Мое место было в середине линии, и я смотрела, как молча, один за другим, пускаются воины в воду, как переплывают и ступают на берег чуть ниже, и тихо растворяются в черноте деревьев. Моя очередь медленно подходила. Я смотрела, как ухают кони в черную быструю воду, и мне показалось вдруг, что такова же и смерть. Для всех она так же неизбежна, как эта ночная переправа, и так же страшно думать о ней и о том, что ждет на другом берегу. Но непременно придется ступить в холодную черную воду. Один за другим, один за другим… Никто не сделает это за тебя, никто не ободрит и не скажет: это легко, царевна! Талай уже был на другом берегу… И видишь, что не один воин легко ушел по этой тропе и никто не вернулся, но твой шаг будет только твоим, и сердце обмирает, чем ближе черная вода, вот уже моет копыта коню…
Моя Учкту вздохнула, ступив в реку, сделала три шага, толкнулась от дна и поплыла быстро, запрокинув голову, широкими глазами испуганно косясь на берег. Холодная вода была ей по грудь и била, плескала волной. Некоторые воины привязывали себя за пояс к седельным ремням, но я не стала так делать. Ногами вжалась в бока моей бедной лошади, как на скачках, и мы быстро переплыли реку. Оседая в песке, вскарабкались на обрыв и догнали других. От холода меня трясло, но я сжала зубы, готовая биться. Обернулась назад – берег скрывался во мгле, и людей там не было видно. Я подумала, что не к месту в такой миг были мысли о смерти.
Прошло еще время, прежде чем все, соблюдая очередность, переправились, и только тогда мы пустились шагом между деревьев в темноте. Нас вели мальчики. Меня трясло от холода, но еще больше – от яростного восторга, озарявшего сердце.

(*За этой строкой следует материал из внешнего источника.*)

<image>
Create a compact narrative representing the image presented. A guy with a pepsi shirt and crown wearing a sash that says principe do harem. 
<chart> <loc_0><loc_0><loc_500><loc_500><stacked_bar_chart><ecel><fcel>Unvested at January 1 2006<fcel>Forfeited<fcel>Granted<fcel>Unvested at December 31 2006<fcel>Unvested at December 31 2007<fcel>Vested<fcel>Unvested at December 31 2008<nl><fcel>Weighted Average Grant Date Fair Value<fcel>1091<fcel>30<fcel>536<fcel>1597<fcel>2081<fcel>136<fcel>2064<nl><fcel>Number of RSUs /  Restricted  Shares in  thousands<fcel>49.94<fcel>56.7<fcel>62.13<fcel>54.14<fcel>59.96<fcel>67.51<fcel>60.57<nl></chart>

Мы различили огни, и брат дал сигнал к битве. Выстраиваясь по четверо, мы выскакивали из леса. С гиканьем врывались в круг света. Прямо из-под наших копыт, точно зайцы, вскакивали спавшие степские, и мы били их чеканами по головам, как диких свиней. Кто-то успел добежать до коней и поскакал в лес, но их настигали стрелы. А когда стало ясно, что никого из врагов не осталось в живых, мы, не сговариваясь, спешились, подошли к огню и стали греться, громко говоря и смеясь.
Все произошло так быстро, что я не успела ощутить вкус войны. Даже те образы, что создавала нам Камка на посвящении, были более неистовыми и опасными, и я невольно проверяла, не во сне ли все это. Но запах крови был настоящий, и тела убитых не превратились в камни.